Formulate a nonlinear optimization problem in Python (gekko) and with m.Equations

Question

I would like to solve an optimization problem with Gekko. The non-linear constraints are generated in a function and passed on as a vector. Since there are vectors, I use m.Equations and m.Array. To make it as simple as possible, I have simplified my problem so that the code remains short and simple. I think my mistake is in how I use m.Equations. The error message is:

Exception: @error: Equation Definition An equation without equality (=) or inequality (>,<) false STOPPING...

This is my code:

import numpy as np
from gekko import GEKKO

def powerf(x):
    U = np.array([[x[2]], [x[3] * m.exp(x[4] * 1j)]])
    G = np.array([[x[0] + x[1] * 1j], [0]])
    L = np.array([[0],[1]])

    y = np.array([[-18.8301*1j, 18.8566*1j], [18.8566*1j, -18.8301*1j]])
    I = np.matmul(y, U)
    Iconj = np.real(I) - np.imag(I) * 1j

    S = np.matmul(np.diagflat(Iconj), U)
    P = np.real(S) - np.real(G) + np.real(L)
    Q = np.imag(S) - np.imag(G) + np.imag(L)
    return np.concatenate((P,Q)).reshape(4,)

m = GEKKO()
x =  m.Array(m.Var,5)
ig = [0,  0,    1,    1,      0]
lb = [0, -2, 0.95, 0.95, -np.pi]
ub = [5,  2, 1.10, 1.10,  np.pi]

for i in range(len(x)):
    x[i].value = ig[i]
    x[i].lower = lb[i]
    x[i].upper = ub[i]

m.Equations([powerf(x) == np.zeros(4,)])
m.Obj(x[0])

m.solve()

Answer 1

The m.Equations() function needs a list of equations.
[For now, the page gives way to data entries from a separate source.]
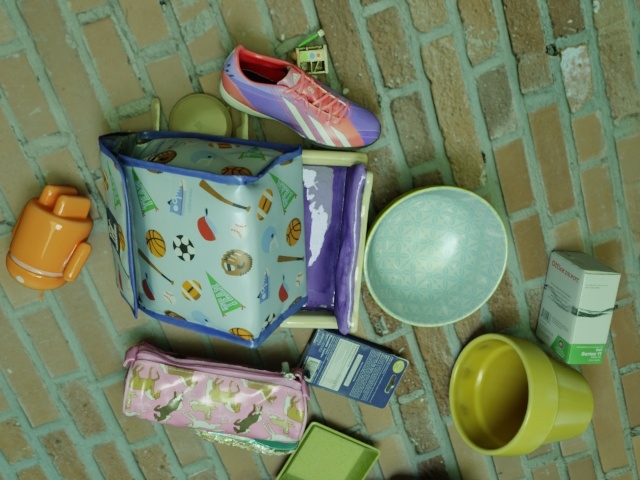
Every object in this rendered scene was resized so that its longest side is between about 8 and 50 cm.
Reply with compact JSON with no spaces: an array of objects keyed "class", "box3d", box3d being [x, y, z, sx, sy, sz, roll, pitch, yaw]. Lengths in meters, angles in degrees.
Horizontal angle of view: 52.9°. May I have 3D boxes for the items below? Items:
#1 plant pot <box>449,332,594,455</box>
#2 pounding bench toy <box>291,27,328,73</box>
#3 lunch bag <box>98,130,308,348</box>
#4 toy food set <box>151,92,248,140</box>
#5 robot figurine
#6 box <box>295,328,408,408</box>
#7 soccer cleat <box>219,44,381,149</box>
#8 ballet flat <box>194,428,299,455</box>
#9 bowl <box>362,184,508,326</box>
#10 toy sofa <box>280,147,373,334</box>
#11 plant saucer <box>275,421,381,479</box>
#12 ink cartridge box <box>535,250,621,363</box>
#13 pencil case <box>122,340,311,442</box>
[{"class":"plant pot","box3d":[0.453,0.344,1.408,0.239,0.254,0.253,13,105,-26]},{"class":"pounding bench toy","box3d":[-0.023,-0.359,1.226,0.065,0.052,0.083,-6,107,-5]},{"class":"lunch bag","box3d":[-0.240,-0.019,1.170,0.386,0.239,0.327,13,117,26]},{"class":"toy food set","box3d":[-0.233,-0.219,1.255,0.192,0.038,0.132,2,100,-1]},{"class":"robot figurine","box3d":[-0.518,0.004,1.232,0.158,0.128,0.219,24,102,-14]},{"class":"box","box3d":[0.069,0.283,1.437,0.225,0.036,0.136,22,103,-11]},{"class":"soccer cleat","box3d":[-0.030,-0.260,1.188,0.319,0.116,0.108,20,64,-6]},{"class":"ballet flat","box3d":[-0.169,0.430,1.440,0.241,0.091,0.077,20,133,-8]},{"class":"bowl","box3d":[0.217,0.015,1.313,0.290,0.156,0.289,-2,106,-6]},{"class":"toy sofa","box3d":[0.000,0.000,1.272,0.150,0.177,0.362,3,107,-7]},{"class":"plant saucer","box3d":[0.014,0.517,1.496,0.189,0.045,0.188,27,101,-15]},{"class":"ink cartridge box","box3d":[0.554,0.141,1.396,0.087,0.153,0.208,2,107,-8]},{"class":"pencil case","box3d":[-0.215,0.314,1.332,0.387,0.160,0.167,9,84,-3]}]

Here is one way to pose those:

y = powerf(x)
m.Equations([y[i]==0 for i in range(4)])

The resulting model can be viewed with m.open_folder().

Model
Variables
    v1 = 0, <= 5, >= 0
    v2 = 0, <= 2, >= -2
    v3 = 1, <= 1.1, >= 0.95
    v4 = 1, <= 1.1, >= 0.95
    v5 = 0, <= 3.141592653589793, >= -3.141592653589793
End Variables
Equations
    ((((((((((-0-18.8301j))*(v3))+((18.8566j)*(((v4)*(exp(((v5)*(1j))))))))-0j))*(v3))+((0)*(((v4)*(exp(((v5)*(1j))))))))-(v1+((v2)*(1j))))+0)=0
    (((((0)*(v3))+((((((18.8566j)*(v3))+(((-0-18.8301j))*(((v4)*(exp(((v5)*(1j))))))))-0j))*(((v4)*(exp(((v5)*(1j))))))))-0)+1)=0
    True
    True
    minimize v1
End Equations

End Model

Equations 3 and 4 from the list do not appear to have Gekko variables so they return True. One other thing to consider is that Gekko doesn't currently support imaginary numbers natively so the problem needs to reformed into separate variables for imaginary value and real values such as x_real[i] and x_im[i]. A more readable form of the objective is m.Minimize(x[0]).